As part of that, companies are getting creative to stay competitive.
"I think when you look at this inflection point that we're at, you have some big bets or bold moves," he said.
For example, the CVS-Aetna merger would combine a health-insurance business, retail pharmacies, and a pharmacy benefit manager, which negotiates prescription-drug prices with drugmakers. This gives CVS a lot more control over how people access and pay for healthcare, with the aim of making pharmacies the "new front doors of healthcare" instead of going to the doctor's office or hospital.
Kaiser Permanente, for its part, has been running urgent care clinics out of Target locations in southern California, which its members can use.
"We know there's some benefit to it," Tyson said. "The difference with ours is that it's connected to a whole healthcare system."
Eventually, though, he sees it going further than the pharmacy and into the home itself.
"The future is the home, and the home of the future is going to be not just a place called a home. It's also going to be a medical site," Tyson said. "The whole shift thinking about what's the ecosystem around individuals in their own setting is the significant difference that we are going to see over the next decade."
For example, Kaiser's managed to make a procedure like a hip replacement just a one night stay in a hospital, versus the one to four days you might typically see. But through Kaiser, patients get sent home after surgery with nurses and physical therapists.
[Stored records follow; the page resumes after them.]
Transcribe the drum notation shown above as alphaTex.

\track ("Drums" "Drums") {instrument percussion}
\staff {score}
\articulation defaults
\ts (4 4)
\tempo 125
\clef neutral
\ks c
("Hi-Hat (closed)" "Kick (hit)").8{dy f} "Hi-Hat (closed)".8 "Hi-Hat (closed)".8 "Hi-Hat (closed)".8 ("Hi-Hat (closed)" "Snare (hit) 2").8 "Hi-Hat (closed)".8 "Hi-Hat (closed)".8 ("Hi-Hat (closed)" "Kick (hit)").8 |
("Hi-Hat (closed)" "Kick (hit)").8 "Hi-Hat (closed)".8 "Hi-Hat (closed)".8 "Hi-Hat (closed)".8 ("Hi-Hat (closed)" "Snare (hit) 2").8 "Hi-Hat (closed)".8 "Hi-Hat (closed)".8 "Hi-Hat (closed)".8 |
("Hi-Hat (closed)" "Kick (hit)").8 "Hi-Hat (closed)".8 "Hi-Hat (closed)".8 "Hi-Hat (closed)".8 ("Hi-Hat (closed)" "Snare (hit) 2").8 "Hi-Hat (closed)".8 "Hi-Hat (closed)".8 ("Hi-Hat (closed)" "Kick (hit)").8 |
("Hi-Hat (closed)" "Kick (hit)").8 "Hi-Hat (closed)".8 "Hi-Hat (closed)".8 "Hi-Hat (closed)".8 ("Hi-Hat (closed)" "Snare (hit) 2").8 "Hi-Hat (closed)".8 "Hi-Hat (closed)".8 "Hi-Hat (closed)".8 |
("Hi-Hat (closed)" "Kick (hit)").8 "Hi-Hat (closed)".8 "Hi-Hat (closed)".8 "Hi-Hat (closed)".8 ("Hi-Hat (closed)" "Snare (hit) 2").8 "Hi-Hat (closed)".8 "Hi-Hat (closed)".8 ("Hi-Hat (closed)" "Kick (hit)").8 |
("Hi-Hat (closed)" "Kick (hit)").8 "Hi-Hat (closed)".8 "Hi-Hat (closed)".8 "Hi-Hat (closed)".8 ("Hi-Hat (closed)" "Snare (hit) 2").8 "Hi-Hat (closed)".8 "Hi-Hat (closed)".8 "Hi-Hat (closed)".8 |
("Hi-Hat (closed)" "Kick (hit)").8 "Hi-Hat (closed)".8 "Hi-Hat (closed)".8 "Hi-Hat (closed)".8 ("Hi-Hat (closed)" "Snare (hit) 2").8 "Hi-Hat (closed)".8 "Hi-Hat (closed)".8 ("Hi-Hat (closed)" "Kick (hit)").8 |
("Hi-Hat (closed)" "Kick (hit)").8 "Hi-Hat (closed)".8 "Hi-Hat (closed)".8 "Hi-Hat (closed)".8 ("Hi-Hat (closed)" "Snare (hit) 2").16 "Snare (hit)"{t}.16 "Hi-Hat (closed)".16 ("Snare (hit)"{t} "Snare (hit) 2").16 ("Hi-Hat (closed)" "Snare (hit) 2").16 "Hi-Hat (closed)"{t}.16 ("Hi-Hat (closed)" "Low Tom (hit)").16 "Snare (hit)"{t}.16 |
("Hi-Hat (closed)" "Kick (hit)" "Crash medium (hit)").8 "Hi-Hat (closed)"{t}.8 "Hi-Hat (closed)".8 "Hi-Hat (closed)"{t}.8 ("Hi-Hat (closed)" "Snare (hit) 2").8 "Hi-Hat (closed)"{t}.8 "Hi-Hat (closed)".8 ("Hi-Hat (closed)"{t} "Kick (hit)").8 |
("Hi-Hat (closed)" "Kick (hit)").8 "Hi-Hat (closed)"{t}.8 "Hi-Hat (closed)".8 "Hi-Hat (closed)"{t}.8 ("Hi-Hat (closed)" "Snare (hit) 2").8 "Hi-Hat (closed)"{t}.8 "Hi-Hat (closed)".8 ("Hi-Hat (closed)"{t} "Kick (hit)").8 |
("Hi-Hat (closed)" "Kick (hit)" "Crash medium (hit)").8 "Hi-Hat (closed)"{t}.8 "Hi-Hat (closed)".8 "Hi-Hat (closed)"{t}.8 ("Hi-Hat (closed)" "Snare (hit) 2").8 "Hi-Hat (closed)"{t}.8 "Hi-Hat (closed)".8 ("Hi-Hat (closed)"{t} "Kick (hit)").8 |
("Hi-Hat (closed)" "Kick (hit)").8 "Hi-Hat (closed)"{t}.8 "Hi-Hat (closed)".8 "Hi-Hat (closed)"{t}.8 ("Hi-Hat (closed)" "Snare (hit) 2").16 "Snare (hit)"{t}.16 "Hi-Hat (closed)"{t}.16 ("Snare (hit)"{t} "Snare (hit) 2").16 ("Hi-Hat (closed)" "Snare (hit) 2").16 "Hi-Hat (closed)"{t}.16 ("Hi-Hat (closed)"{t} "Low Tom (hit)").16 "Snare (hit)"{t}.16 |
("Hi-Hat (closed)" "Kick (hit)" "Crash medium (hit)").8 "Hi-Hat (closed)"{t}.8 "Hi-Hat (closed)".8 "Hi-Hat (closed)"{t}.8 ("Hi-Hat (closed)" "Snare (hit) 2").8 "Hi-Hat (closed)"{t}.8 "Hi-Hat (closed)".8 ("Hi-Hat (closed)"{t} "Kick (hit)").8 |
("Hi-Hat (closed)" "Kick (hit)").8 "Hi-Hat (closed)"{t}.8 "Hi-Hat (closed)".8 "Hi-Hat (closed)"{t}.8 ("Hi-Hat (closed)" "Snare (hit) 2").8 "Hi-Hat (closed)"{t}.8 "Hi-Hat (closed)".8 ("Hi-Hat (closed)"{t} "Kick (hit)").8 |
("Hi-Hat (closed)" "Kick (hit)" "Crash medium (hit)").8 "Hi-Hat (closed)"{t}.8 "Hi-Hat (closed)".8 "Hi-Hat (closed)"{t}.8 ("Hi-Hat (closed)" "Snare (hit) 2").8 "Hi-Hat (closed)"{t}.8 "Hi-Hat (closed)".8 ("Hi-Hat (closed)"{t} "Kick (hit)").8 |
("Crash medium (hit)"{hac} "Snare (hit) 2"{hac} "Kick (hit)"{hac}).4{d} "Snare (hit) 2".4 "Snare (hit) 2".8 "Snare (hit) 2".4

"Seeing other health systems doing things that we are doing or have done, or are starting to change, for us is a breath of fresh air for the entire industry," Tyson said.
What's keeping people from becoming Kaiser
Because Kaiser Permanente is both the insurer and the firm caring for those covered by that insurance, it's organized to keep its members healthy. Members pay monthly premiums, which in turn cover their healthcare that they use within Kaiser Permanente's network. The healthier its members stay, the less Kaiser Permanente has to ultimately spend on the more costly aspects of healthcare, like emergency room visits.
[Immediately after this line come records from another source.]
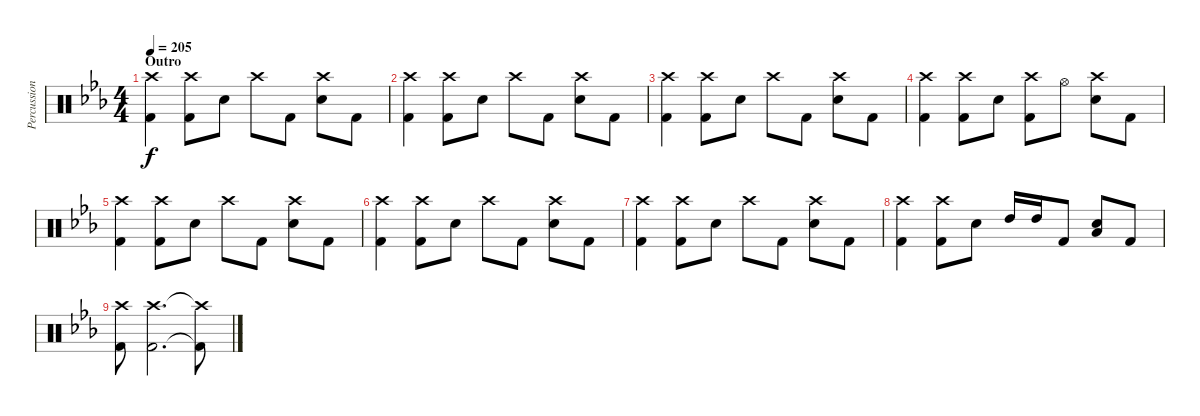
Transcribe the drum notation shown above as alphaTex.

\track ("Percussion" "Percussion") {instrument percussion}
\staff {score}
\articulation defaults
\ts (4 4)
\section ("" "Outro")
\tempo 205
\clef neutral
\ks eb
("Crash high (hit)" "Kick (hit) 2").4{dy f} ("Crash high (hit)" "Kick (hit) 2").8 "Snare (hit) 2".8 "Crash high (hit)".8 "Kick (hit) 2".8 ("Crash high (hit)" "Snare (hit) 2").8 "Kick (hit) 2".8 |
("Crash high (hit)" "Kick (hit) 2").4 ("Crash high (hit)" "Kick (hit) 2").8 "Snare (hit) 2".8 "Crash high (hit)".8 "Kick (hit) 2".8 ("Crash high (hit)" "Snare (hit) 2").8 "Kick (hit) 2".8 |
("Crash high (hit)" "Kick (hit) 2").4 ("Crash high (hit)" "Kick (hit) 2").8 "Snare (hit) 2".8 "Crash high (hit)".8 "Kick (hit) 2".8 ("Crash high (hit)" "Snare (hit) 2").8 "Kick (hit) 2".8 |
("Crash high (hit)" "Kick (hit) 2").4 ("Crash high (hit)" "Kick (hit) 2").8 "Snare (hit) 2".8 ("Crash high (hit)" "Kick (hit) 2").8 "Hi-Hat (open)".8 ("Crash high (hit)" "Snare (hit) 2").8 "Kick (hit) 2".8 |
("Crash high (hit)" "Kick (hit) 2").4 ("Crash high (hit)" "Kick (hit) 2").8 "Snare (hit) 2".8 "Crash high (hit)".8 "Kick (hit) 2".8 ("Crash high (hit)" "Snare (hit) 2").8 "Kick (hit) 2".8 |
("Crash high (hit)" "Kick (hit) 2").4 ("Crash high (hit)" "Kick (hit) 2").8 "Snare (hit) 2".8 "Crash high (hit)".8 "Kick (hit) 2".8 ("Crash high (hit)" "Snare (hit) 2").8 "Kick (hit) 2".8 |
("Crash high (hit)" "Kick (hit) 2").4 ("Crash high (hit)" "Kick (hit) 2").8 "Snare (hit) 2".8 "Crash high (hit)".8 "Kick (hit) 2".8 ("Crash high (hit)" "Snare (hit) 2").8 "Kick (hit) 2".8 |
("Crash high (hit)" "Kick (hit) 2").4 ("Crash high (hit)" "Kick (hit) 2").8 "Snare (hit) 2".8 "High Tom (hit)".16 "High Tom (hit)".16 "Kick (hit) 2".8 ("Low Tom (hit)" "Snare (hit) 2").8 "Kick (hit) 2".8 |
("Crash high (hit)" "Kick (hit) 2").8 ("Crash high (hit)" "Kick (hit) 2").2{d} ("Crash high (hit)"{t} "Kick (hit) 2"{t}).8

That's not exactly the case with other parts of the health system. Along the way, it seems as if these integrations are trying to take cues from Kaiser Permanente. As Tyson sees it, there are a few hurdles that stand in their way.
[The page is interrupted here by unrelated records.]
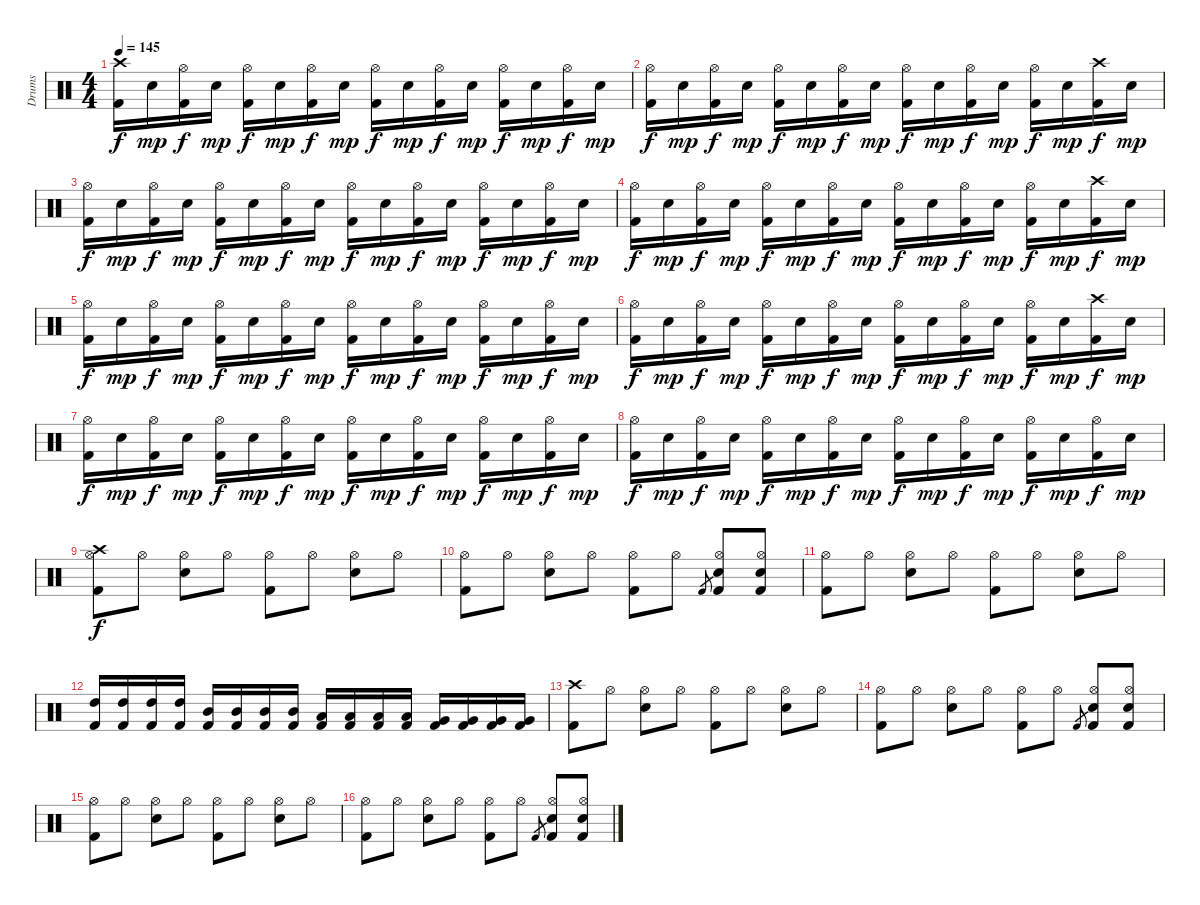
\track ("Drums" "Drums") {instrument percussion}
\staff {score}
\articulation defaults
\ts (4 4)
\tempo 145
\clef neutral
\ks c
("Crash high (hit)" "Kick (hit) 2").16{dy f} "Electric Snare (hit)".16{dy mp} ("Hi-Hat (open)" "Kick (hit) 2").16{dy f} "Electric Snare (hit)".16{dy mp} ("Hi-Hat (open)" "Kick (hit) 2").16{dy f} "Electric Snare (hit)".16{dy mp} ("Hi-Hat (open)" "Kick (hit) 2").16{dy f} "Electric Snare (hit)".16{dy mp} ("Hi-Hat (open)" "Kick (hit) 2").16{dy f} "Electric Snare (hit)".16{dy mp} ("Hi-Hat (open)" "Kick (hit) 2").16{dy f} "Electric Snare (hit)".16{dy mp} ("Hi-Hat (open)" "Kick (hit) 2").16{dy f} "Electric Snare (hit)".16{dy mp} ("Hi-Hat (open)" "Kick (hit) 2").16{dy f} "Electric Snare (hit)".16{dy mp} |
("Hi-Hat (open)" "Kick (hit) 2").16{dy f} "Electric Snare (hit)".16{dy mp} ("Hi-Hat (open)" "Kick (hit) 2").16{dy f} "Electric Snare (hit)".16{dy mp} ("Hi-Hat (open)" "Kick (hit) 2").16{dy f} "Electric Snare (hit)".16{dy mp} ("Hi-Hat (open)" "Kick (hit) 2").16{dy f} "Electric Snare (hit)".16{dy mp} ("Hi-Hat (open)" "Kick (hit) 2").16{dy f} "Electric Snare (hit)".16{dy mp} ("Hi-Hat (open)" "Kick (hit) 2").16{dy f} "Electric Snare (hit)".16{dy mp} ("Hi-Hat (open)" "Kick (hit) 2").16{dy f} "Electric Snare (hit)".16{dy mp} ("Crash high (hit)" "Kick (hit) 2").16{dy f} "Electric Snare (hit)".16{dy mp} |
("Hi-Hat (open)" "Kick (hit) 2").16{dy f} "Electric Snare (hit)".16{dy mp} ("Hi-Hat (open)" "Kick (hit) 2").16{dy f} "Electric Snare (hit)".16{dy mp} ("Hi-Hat (open)" "Kick (hit) 2").16{dy f} "Electric Snare (hit)".16{dy mp} ("Hi-Hat (open)" "Kick (hit) 2").16{dy f} "Electric Snare (hit)".16{dy mp} ("Hi-Hat (open)" "Kick (hit) 2").16{dy f} "Electric Snare (hit)".16{dy mp} ("Hi-Hat (open)" "Kick (hit) 2").16{dy f} "Electric Snare (hit)".16{dy mp} ("Hi-Hat (open)" "Kick (hit) 2").16{dy f} "Electric Snare (hit)".16{dy mp} ("Hi-Hat (open)" "Kick (hit) 2").16{dy f} "Electric Snare (hit)".16{dy mp} |
("Hi-Hat (open)" "Kick (hit) 2").16{dy f} "Electric Snare (hit)".16{dy mp} ("Hi-Hat (open)" "Kick (hit) 2").16{dy f} "Electric Snare (hit)".16{dy mp} ("Hi-Hat (open)" "Kick (hit) 2").16{dy f} "Electric Snare (hit)".16{dy mp} ("Hi-Hat (open)" "Kick (hit) 2").16{dy f} "Electric Snare (hit)".16{dy mp} ("Hi-Hat (open)" "Kick (hit) 2").16{dy f} "Electric Snare (hit)".16{dy mp} ("Hi-Hat (open)" "Kick (hit) 2").16{dy f} "Electric Snare (hit)".16{dy mp} ("Hi-Hat (open)" "Kick (hit) 2").16{dy f} "Electric Snare (hit)".16{dy mp} ("Crash high (hit)" "Kick (hit) 2").16{dy f} "Electric Snare (hit)".16{dy mp} |
("Hi-Hat (open)" "Kick (hit) 2").16{dy f} "Electric Snare (hit)".16{dy mp} ("Hi-Hat (open)" "Kick (hit) 2").16{dy f} "Electric Snare (hit)".16{dy mp} ("Hi-Hat (open)" "Kick (hit) 2").16{dy f} "Electric Snare (hit)".16{dy mp} ("Hi-Hat (open)" "Kick (hit) 2").16{dy f} "Electric Snare (hit)".16{dy mp} ("Hi-Hat (open)" "Kick (hit) 2").16{dy f} "Electric Snare (hit)".16{dy mp} ("Hi-Hat (open)" "Kick (hit) 2").16{dy f} "Electric Snare (hit)".16{dy mp} ("Hi-Hat (open)" "Kick (hit) 2").16{dy f} "Electric Snare (hit)".16{dy mp} ("Hi-Hat (open)" "Kick (hit) 2").16{dy f} "Electric Snare (hit)".16{dy mp} |
("Hi-Hat (open)" "Kick (hit) 2").16{dy f} "Electric Snare (hit)".16{dy mp} ("Hi-Hat (open)" "Kick (hit) 2").16{dy f} "Electric Snare (hit)".16{dy mp} ("Hi-Hat (open)" "Kick (hit) 2").16{dy f} "Electric Snare (hit)".16{dy mp} ("Hi-Hat (open)" "Kick (hit) 2").16{dy f} "Electric Snare (hit)".16{dy mp} ("Hi-Hat (open)" "Kick (hit) 2").16{dy f} "Electric Snare (hit)".16{dy mp} ("Hi-Hat (open)" "Kick (hit) 2").16{dy f} "Electric Snare (hit)".16{dy mp} ("Hi-Hat (open)" "Kick (hit) 2").16{dy f} "Electric Snare (hit)".16{dy mp} ("Crash high (hit)" "Kick (hit) 2").16{dy f} "Electric Snare (hit)".16{dy mp} |
("Hi-Hat (open)" "Kick (hit) 2").16{dy f} "Electric Snare (hit)".16{dy mp} ("Hi-Hat (open)" "Kick (hit) 2").16{dy f} "Electric Snare (hit)".16{dy mp} ("Hi-Hat (open)" "Kick (hit) 2").16{dy f} "Electric Snare (hit)".16{dy mp} ("Hi-Hat (open)" "Kick (hit) 2").16{dy f} "Electric Snare (hit)".16{dy mp} ("Hi-Hat (open)" "Kick (hit) 2").16{dy f} "Electric Snare (hit)".16{dy mp} ("Hi-Hat (open)" "Kick (hit) 2").16{dy f} "Electric Snare (hit)".16{dy mp} ("Hi-Hat (open)" "Kick (hit) 2").16{dy f} "Electric Snare (hit)".16{dy mp} ("Hi-Hat (open)" "Kick (hit) 2").16{dy f} "Electric Snare (hit)".16{dy mp} |
("Hi-Hat (open)" "Kick (hit) 2").16{dy f} "Electric Snare (hit)".16{dy mp} ("Hi-Hat (open)" "Kick (hit) 2").16{dy f} "Electric Snare (hit)".16{dy mp} ("Hi-Hat (open)" "Kick (hit) 2").16{dy f} "Electric Snare (hit)".16{dy mp} ("Hi-Hat (open)" "Kick (hit) 2").16{dy f} "Electric Snare (hit)".16{dy mp} ("Hi-Hat (open)" "Kick (hit) 2").16{dy f} "Electric Snare (hit)".16{dy mp} ("Hi-Hat (open)" "Kick (hit) 2").16{dy f} "Electric Snare (hit)".16{dy mp} ("Hi-Hat (open)" "Kick (hit) 2").16{dy f} "Electric Snare (hit)".16{dy mp} ("Hi-Hat (open)" "Kick (hit) 2").16{dy f} "Electric Snare (hit)".16{dy mp} |
("Crash high (hit)" "Hi-Hat (open)" "Kick (hit) 2").8{dy f} "Hi-Hat (open)".8 ("Hi-Hat (open)" "Snare (hit) 2").8 "Hi-Hat (open)".8 ("Hi-Hat (open)" "Kick (hit) 2").8 "Hi-Hat (open)".8 ("Hi-Hat (open)" "Snare (hit) 2").8 "Hi-Hat (open)".8 |
("Hi-Hat (open)" "Kick (hit) 2").8 "Hi-Hat (open)".8 ("Hi-Hat (open)" "Snare (hit) 2").8 "Hi-Hat (open)".8 ("Hi-Hat (open)" "Kick (hit) 2").8 "Hi-Hat (open)".8 "Kick (hit) 2".8{gr} ("Hi-Hat (open)" "Snare (hit) 2" "Kick (hit) 2").8 ("Hi-Hat (open)" "Snare (hit) 2" "Kick (hit) 2").8 |
("Hi-Hat (open)" "Kick (hit) 2").8 "Hi-Hat (open)".8 ("Hi-Hat (open)" "Snare (hit) 2").8 "Hi-Hat (open)".8 ("Hi-Hat (open)" "Kick (hit) 2").8 "Hi-Hat (open)".8 ("Hi-Hat (open)" "Snare (hit) 2").8 "Hi-Hat (open)".8 |
("High Tom (hit)" "Kick (hit) 2").16 ("High Tom (hit)" "Kick (hit) 2").16 ("High Tom (hit)" "Kick (hit) 2").16 ("High Tom (hit)" "Kick (hit) 2").16 ("Mid Tom (hit)" "Kick (hit) 2").16 ("Mid Tom (hit)" "Kick (hit) 2").16 ("Mid Tom (hit)" "Kick (hit) 2").16 ("Mid Tom (hit)" "Kick (hit) 2").16 ("Low Tom (hit)" "Kick (hit) 2").16 ("Low Tom (hit)" "Kick (hit) 2").16 ("Low Tom (hit)" "Kick (hit) 2").16 ("Low Tom (hit)" "Kick (hit) 2").16 ("Very Low Tom (hit)" "Kick (hit) 2").16 ("Very Low Tom (hit)" "Kick (hit) 2").16 ("Very Low Tom (hit)" "Kick (hit) 2").16 ("Very Low Tom (hit)" "Kick (hit) 2").16 |
("Crash high (hit)" "Kick (hit) 2").8 "Hi-Hat (open)".8 ("Hi-Hat (open)" "Snare (hit) 2").8 "Hi-Hat (open)".8 ("Hi-Hat (open)" "Kick (hit) 2").8 "Hi-Hat (open)".8 ("Hi-Hat (open)" "Snare (hit) 2").8 "Hi-Hat (open)".8 |
("Hi-Hat (open)" "Kick (hit) 2").8 "Hi-Hat (open)".8 ("Hi-Hat (open)" "Snare (hit) 2").8 "Hi-Hat (open)".8 ("Hi-Hat (open)" "Kick (hit) 2").8 "Hi-Hat (open)".8 "Kick (hit) 2".8{gr} ("Hi-Hat (open)" "Snare (hit) 2" "Kick (hit) 2").8 ("Hi-Hat (open)" "Snare (hit) 2" "Kick (hit) 2").8 |
("Hi-Hat (open)" "Kick (hit) 2").8 "Hi-Hat (open)".8 ("Hi-Hat (open)" "Snare (hit) 2").8 "Hi-Hat (open)".8 ("Hi-Hat (open)" "Kick (hit) 2").8 "Hi-Hat (open)".8 ("Hi-Hat (open)" "Snare (hit) 2").8 "Hi-Hat (open)".8 |
("Hi-Hat (open)" "Kick (hit) 2").8 "Hi-Hat (open)".8 ("Hi-Hat (open)" "Snare (hit) 2").8 "Hi-Hat (open)".8 ("Hi-Hat (open)" "Kick (hit) 2").8 "Hi-Hat (open)".8 "Kick (hit) 2".8{gr} ("Hi-Hat (open)" "Snare (hit) 2" "Kick (hit) 2").8 ("Hi-Hat (open)" "Snare (hit) 2" "Kick (hit) 2").8

The first: deep investment.
"We go deep, we're not shallow," Tyson said. "There are investments that we make in our communities around the country."
The second is the network of doctors and caretakers that Kaiser Permanente employs. Tyson said the company gives them the freedom to practice medicine without having to abide by whatever a health plan will reimburse for. Pulling that team together isn't easy.
"That's not magic, that's hard work to make that work together and make sure there's great harmony going on, which we do," Tyson said.
And lastly, Kaiser Permanente isn't based on a fee-for-service model in which doctors are paid by health insurers based on how many visits they have. So unlike companies like health insurers or hospital providers, Kaiser Permanente doesn't have to fundamentally change the way it's structured.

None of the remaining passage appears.